In this case, we have d = 0.91 meters, t = 0.348 seconds. Hence the value of gravitational acceleration should be 15 meters/seconds/seconds

\(g = 2d/t^2=2*0.91/0.348^2=15.03 m/s^2\)

Chapter 2

Centripetal acceleration and Period of pendulum

I could be in a centrifuge

How big would that radius have to be?

Dropping things off a table and timing them is all well and fine for rough estimates, but it’s only as accurate as my reaction time on hitting the stopwatch. I need something better.

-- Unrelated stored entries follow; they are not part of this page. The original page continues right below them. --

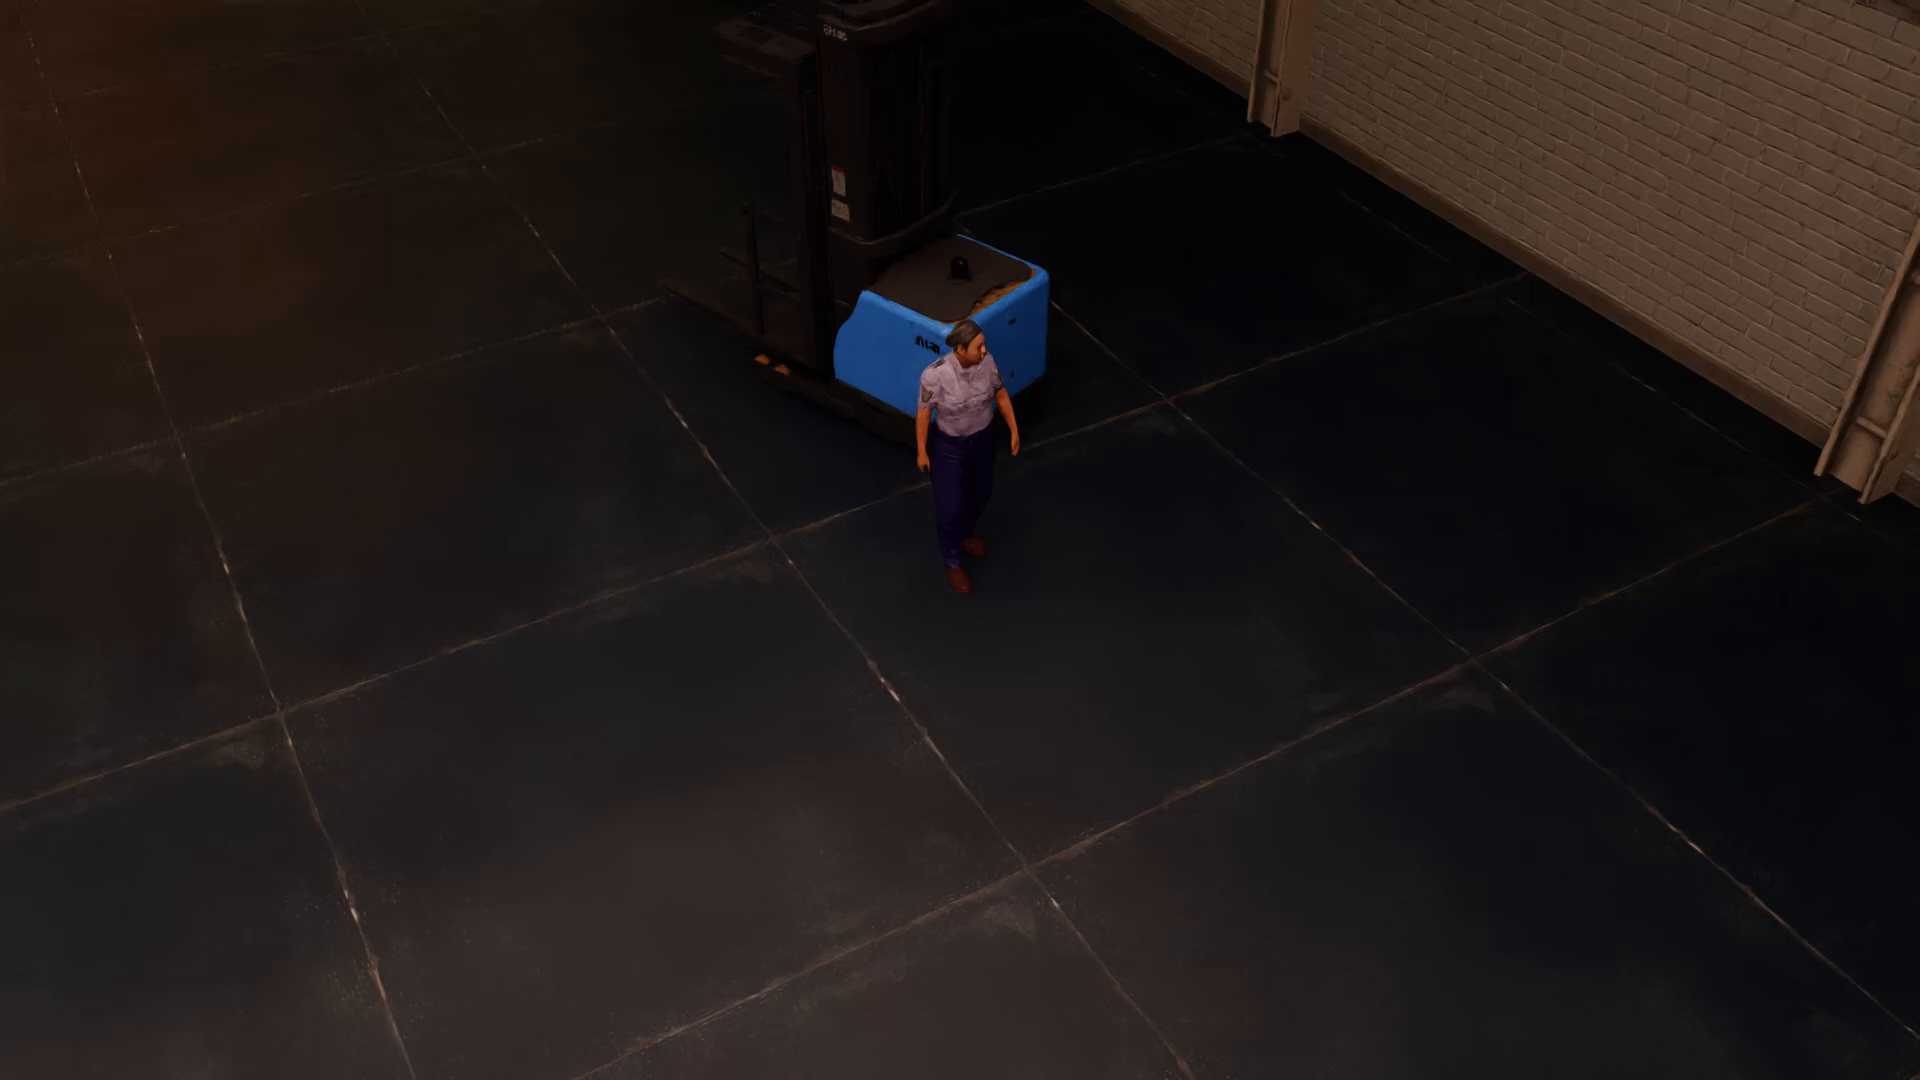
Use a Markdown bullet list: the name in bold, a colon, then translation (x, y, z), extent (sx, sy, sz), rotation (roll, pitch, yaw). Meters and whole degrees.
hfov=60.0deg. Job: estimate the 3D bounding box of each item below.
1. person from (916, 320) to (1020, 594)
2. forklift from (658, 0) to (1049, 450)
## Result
- **person**: translation (0.076, -0.515, 9.685), extent (0.618, 1.624, 0.544), rotation (-23, 45, -25)
- **forklift**: translation (-0.860, -2.415, 10.947), extent (3.031, 2.935, 1.130), rotation (28, 47, 30)
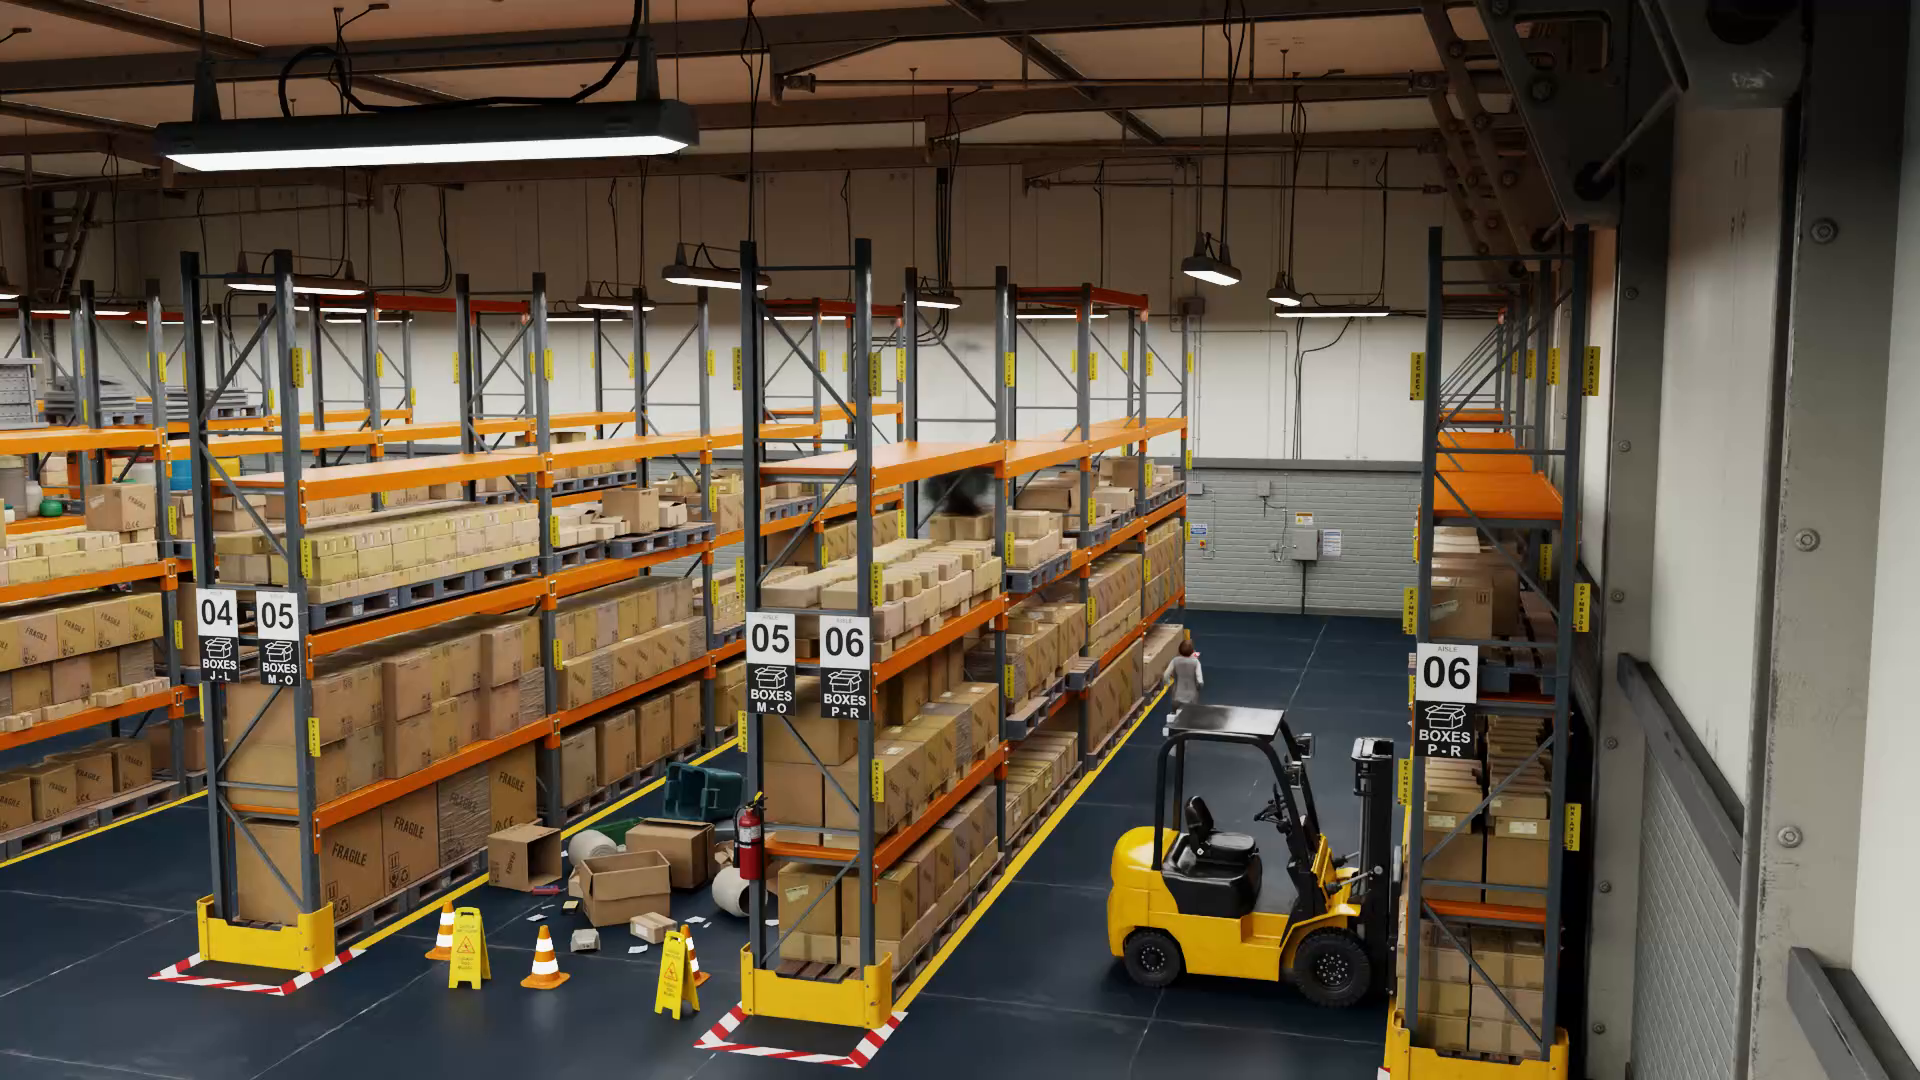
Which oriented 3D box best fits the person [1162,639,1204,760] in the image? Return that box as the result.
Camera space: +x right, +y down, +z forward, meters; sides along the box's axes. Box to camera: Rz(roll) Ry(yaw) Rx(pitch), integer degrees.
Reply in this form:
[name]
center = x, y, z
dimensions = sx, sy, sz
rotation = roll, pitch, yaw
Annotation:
[person]
center = 2.860, 2.025, 21.162
dimensions = 0.510, 1.552, 0.519
rotation = 2, 7, 19

And only one thing will do the job: a small piece of string.

I have a pendulum.

That period ends up being driven by two things, and two things only: the length of the pendulum and gravity.

When I hit the ten-minute mark, the pendulum is barely moving anymore, so I decide that’s long enough. Grand total: 346 full cycles in exactly ten minutes.

I measure the distance from the hatch handle to the floor. It’s just over two and a half meters.

My pendulum is now four and a half meters lower than it was before.

The result: 346 cycles. Same as upstairs.

“Thing is, in a centrifuge, the farther you get from the center, the higher the centripetal force will be. So if I were in a centrifuge, the “gravity” down here would be higher than it was upstairs. And it isn’t. At least, not enough to get a different number of pendulum cycles.”

In chapter 1, the narrator used free-fall formula to estimate value of grational acceleration based on the duration of an object falling from the table. In chapter 2, the narrator believed he was inside a huge centrifuge and wanted to find its radius.

Period of a Simple pendulum

The formula for the period T of a pendulum is T = 2π Square root of (L/g) , where L is the length of the pendulum and g is the acceleration due to gravity; assuming small oscillation angles.

\(T = 2\pi\sqrt{\frac{L}{g}}\)

The narrator measured the period of the pendulum twice: once downstair and once upstair (a height difference of 4.5 meters). Both measurements yielded 346 cycles in 10 minutes, meaning the period T was the same in both locations. Calling them T1 and T2, we have T1 = T2. Because the length of the pendulum remained the same, we have g1 = g2.

Centripetal acceleration

Centripetal acceleration a is the acceleration experienced while in uniform circular motion. It always points toward the center of rotation.

\(a=\omega^2r\)

Angular velocity ω is the rate of rotation (radians per second)

In a centrifuge (a rotating ship), "gravity" is actually centripetal acceleration caused by the rotation. So we have these equations for the 2 measurement

\(g_1=\omega^2r_1\)

\(g_2=\omega^2r_2\)

Because angular velocity does not change inside the centrifuge, we have this equation

\(\frac{g_1}{g_2}=\frac{r_1}{r_1+4.5}\)

Since g1 = g2 implies r1 = r2, and r2 = r1+4.5, the 4.5-meter difference must be negligible compared to r1, meaning r1 is very large. That gives the narrator a sense of the size of the centrifuge he was in.

?

According to my math (and I showed all my work!), that centrifuge would need a 700-meter radius (which is almost half a mile) and would be spinning at 88 meters per second—almost 200 miles per hour!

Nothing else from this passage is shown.